The supermarket’s retail arm has expanded its team 10x – from seven to 75 people; embedded Redworks, which handles sales and operations; built out the platforms and tech stacks required to drive “sustainable growth” and avoid a 'Frankenstack' technological monster; and launched post campaign reporting and sales uplift with analytics partner IRI. It’s also built out a storefront screen network while delivering “1,000 omnichannel campaigns – and 15,000 campaigns in total – across 2,000 suppliers, per Brooks.
Year two, he says, is about scale-up – which will only come if Coles 360 can put “personalised and relevant messages” from its supplier brands to its supermarket customers that improves customer experience for both parties and can be tied back directly to growth. If it can, “that should be a win-win situation,” per Brooks. “But it’s really easy to say and really hard to do,” he acknowledges.
With FMCG brands consistently challenging the likes of Coles and Woolworths to prove their media ROI, closed loop attribution capability – i.e. a through line from retail media ad to ultimate sale via Coles’ shopper and loyalty data – is set to launch before Christmas, says Brooks.

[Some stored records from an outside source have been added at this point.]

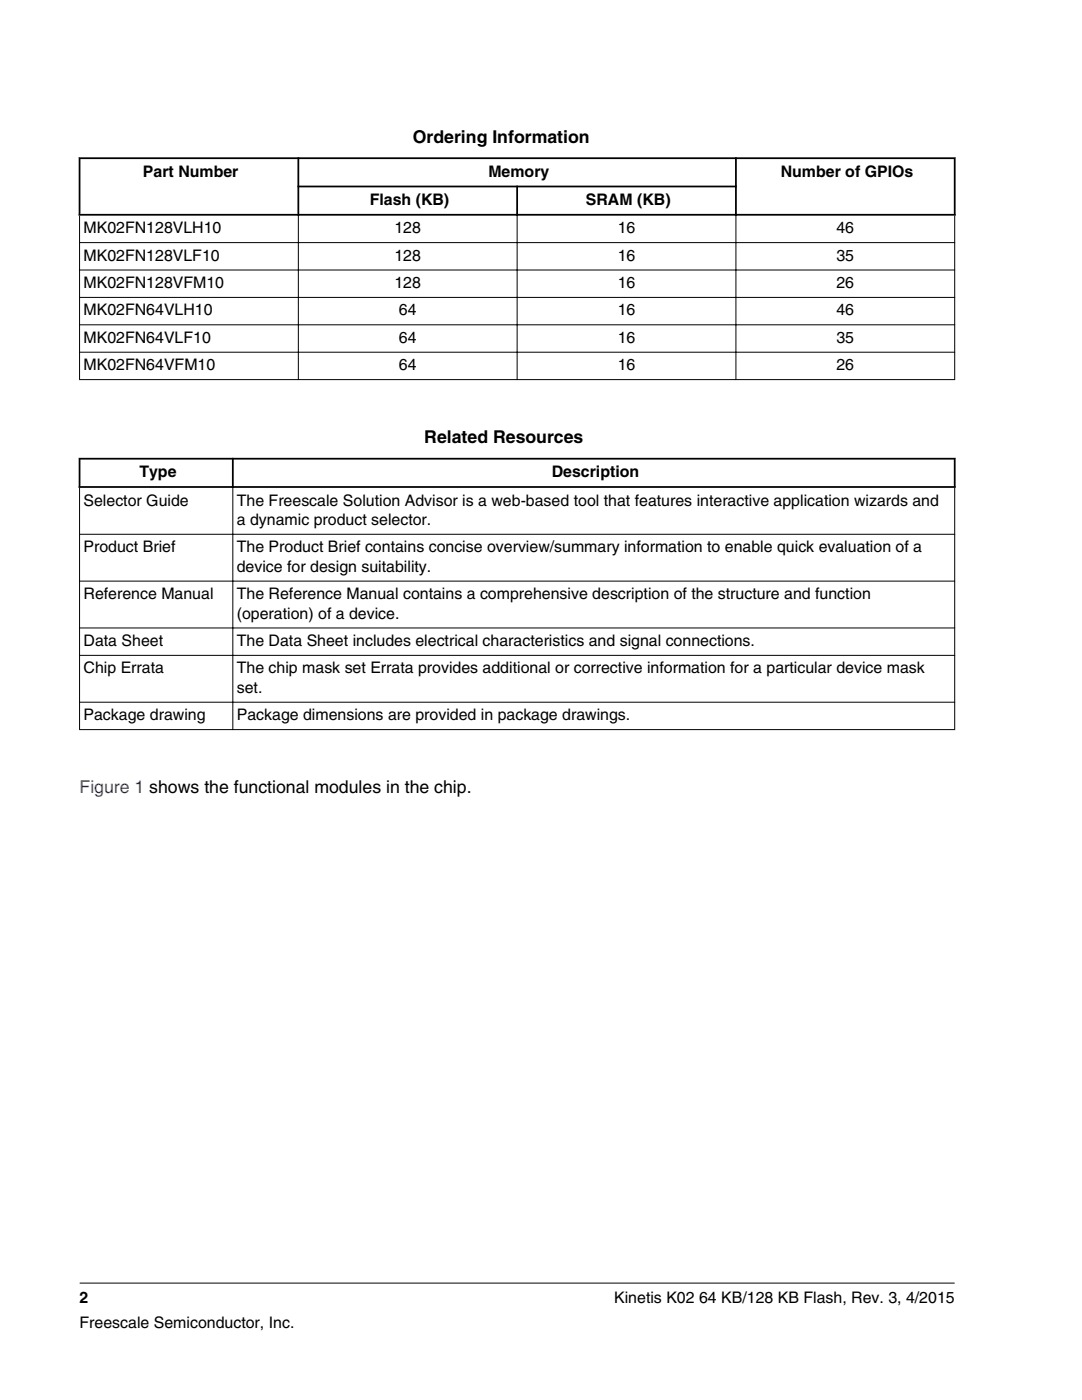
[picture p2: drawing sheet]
<svg xmlns="http://www.w3.org/2000/svg" width="216mm" height="279mm" viewBox="0 0 216 279" stroke-linecap="round" stroke-linejoin="round" font-family="sans-serif">
<defs><g id="words">
<g font-size="3.5">
<text x="82.4" y="28.5">Ordering Information</text>
<text x="84.7" y="88.4">Related Resources</text>
</g>
<text font-size="3.5" fill="#00f" x="15.9" y="158.3">Figure 1 shows the functional modules in the chip.</text>
<g font-size="3.2">
<text x="28.5" y="35.3">Part Number</text>
<text x="97.5" y="35.3">Memory</text>
<text x="155.8" y="35.3">Number of GPIOs</text>
<text x="73.8" y="40.9">Flash (KB)</text>
<text x="116.9" y="40.9">SRAM (KB)</text>
<text x="16.7" y="46.6">MK02FN128VLH10</text>
<text x="78.7" y="46.6">128</text>
<text x="123.3" y="46.6">16</text>
<text x="166.9" y="46.6">46</text>
<text x="16.7" y="52">MK02FN128VLF10</text>
<text x="78.7" y="52">128</text>
<text x="123.3" y="52">16</text>
<text x="166.9" y="52">35</text>
<text x="16.7" y="57.5">MK02FN128VFM10</text>
<text x="78.7" y="57.5">128</text>
<text x="123.3" y="57.5">16</text>
<text x="166.9" y="57.5">26</text>
<text x="16.7" y="63">MK02FN64VLH10</text>
<text x="79.6" y="63">64</text>
<text x="123.3" y="63">16</text>
<text x="166.9" y="63">46</text>
<text x="16.7" y="68.4">MK02FN64VLF10</text>
<text x="79.6" y="68.4">64</text>
<text x="123.3" y="68.4">16</text>
<text x="166.9" y="68.4">35</text>
<text x="16.7" y="73.9">MK02FN64VFM10</text>
<text x="79.6" y="73.9">64</text>
<text x="123.3" y="73.9">16</text>
<text x="166.9" y="73.9">26</text>
<text x="27.8" y="95.2">Type</text>
<text x="110.1" y="95.2">Description</text>
<text x="16.7" y="100.9">Selector Guide</text>
<text x="47.3" y="100.9">The Freescale Solution Advisor is a web-based tool that features interactive application wizards and</text>
<text x="47.3" y="104.8">a dynamic product selector.</text>
<text x="16.7" y="110.2">Product Brief</text>
<text x="47.3" y="110.2">The Product Brief contains concise overview/summary information to enable quick evaluation of a</text>
<text x="16.7" y="119.6">Reference Manual</text>
<text x="47.3" y="119.6">The Reference Manual contains a comprehensive description of the structure and function</text>
<text x="47.3" y="114.1">device for design suitability.</text>
<text x="47.3" y="123.5">(operation) of a device.</text>
<text x="16.7" y="128.9">Data Sheet</text>
<text x="47.3" y="128.9">The Data Sheet includes electrical characteristics and signal connections.</text>
<text x="16.7" y="134.4">Chip Errata</text>
<text x="47.3" y="134.4">The chip mask set Errata provides additional or corrective information for a particular device mask</text>
<text x="16.7" y="143.7">Package drawing</text>
<text x="47.3" y="138.3">set.</text>
<text x="47.3" y="143.7">Package dimensions are provided in package drawings.</text>
<text x="15.9" y="260">2</text>
<text x="122.6" y="260">Kinetis K02 64 KB/128 KB Flash, Rev. 3, 4/2015</text>
<text x="15.9" y="265">Freescale Semiconductor, Inc.</text>
</g>
</g></defs>
<path d="M15.7 31.6h175M15.9 31.4v11.6M59.4 37.2h87.6M59.5 31.4v11.6M103.2 37v6M146.8 31.4v11.6M190.5 31.4v11.6M15.7 42.9h175" fill="none" stroke="#000" stroke-width=".35"/>
<path d="M15.8 48.4h174.8M15.8 53.9h174.8M15.8 59.4h174.8M15.9 43v32.8M59.5 42.7v33.1M103.2 42.7v33.1M146.8 42.7v33.1M190.5 43v32.8M15.8 64.8h174.8M15.8 70.3h174.8M15.8 75.8h174.8" fill="none" stroke="#000" stroke-width=".2"/>
<g fill="#fff">
<path d="M15.9 85.4h174.6v62.1h-174.6z" fill-rule="evenodd"/>
<path d="M16.1 91.7h30.2v5.3h-30.2z" fill-rule="evenodd"/>
<path d="M46.6 91.7h143.7v5.3h-143.7z" fill-rule="evenodd"/>
<path d="M16 97.4h30.4v9.1h-30.4z" fill-rule="evenodd"/>
<path d="M46.5 97.4h143.9v9.1h-143.9z" fill-rule="evenodd"/>
<path d="M16 106.7h30.4v9.2h-30.4z" fill-rule="evenodd"/>
<path d="M46.5 106.7h143.9v9.2h-143.9z" fill-rule="evenodd"/>
<path d="M16 116.1h30.4v9.1h-30.4z" fill-rule="evenodd"/>
<path d="M46.5 116.1h143.9v9.1h-143.9z" fill-rule="evenodd"/>
<path d="M16 125.4h30.4v5.3h-30.4z" fill-rule="evenodd"/>
<path d="M46.5 125.4h143.9v5.3h-143.9z" fill-rule="evenodd"/>
<path d="M16 130.9h30.4v9.2h-30.4z" fill-rule="evenodd"/>
<path d="M46.5 130.9h143.9v9.2h-143.9z" fill-rule="evenodd"/>
<path d="M16 140.2h30.4v5.3h-30.4z" fill-rule="evenodd"/>
<path d="M46.5 140.2h143.9v5.3h-143.9z" fill-rule="evenodd"/>
</g>
<path d="M15.7 91.5h175M15.7 97.2h175M15.9 91.4v6M46.5 91.4v6M190.5 91.4v6" fill="none" stroke="#000" stroke-width=".35"/>
<path d="M15.9 97.3v48.4M46.5 97v48.7M190.5 97.3v48.4M15.8 106.6h174.8M15.8 116h174.8M15.8 125.3h174.8M15.8 130.8h174.8M15.8 140.1h174.8M15.8 145.6h174.8M15.9 256.1h174.6" fill="none" stroke="#000" stroke-width=".2"/>
<use href="#words"/>
</svg>

Next year, Coles 360 is eyeing greater growth from ‘off network’ retail media, i.e. as well as brands advertising on Coles’ own ‘on network’ assets, such as its website, app and screens, also using Coles’ transaction data to target buyers across non-owned channels like CTV, or social media. “We’re already doing that to an extent, but technology will be a real enabler and accelerator in that as we move into next year.”
Ikea has more than 170 million people in its loyalty program. That’s five times the size of the Australian population, and what you can do with that – if you turn it into a customer experience opportunity rather than a transactional opportunity – is huge.
Capgemini: Loyalty bonus
Brands are piling into loyalty programs as a way to improve customer experience – and amass first party data that can be harnessed through customer channels as other avenues narrow.
Capgemini's APAC Chief Marketing & Communications Officer Tracy Gawthorne cites Ikea and McDonald’s as standout brands in moving beyond the transactional aspect of loyalty programs – an approach experts believe will determine the immediate future of loyalty programs.
“Ikea has more than 170 million people in its loyalty program. That’s five times the size of the Australian population, and what you can do with that – if you turn it into a customer experience opportunity rather than a transactional opportunity – is huge,” says Gawthorne. “So we've been doing some work with Ikea around the world looking at how to be more relevant through the journeys people take in their buying decisions … and in some markets, there's been up to 37 per cent increase in ROI just focusing on loyalty.”
McDonald’s meanwhile is doubling down on “consistency of experience, no matter where you order, no matter where you pick up, or who delivers your food, they want that experience to be similar,” says Gawthorne. “Whether it's a kiosk, a drive thru, the web, whether it's home delivery – all those technologies are now starting to talk to each other properly. Which means that experience can be mapped throughout the journey so the feedback loop starts to build an experience that's much more relevant and personalised.”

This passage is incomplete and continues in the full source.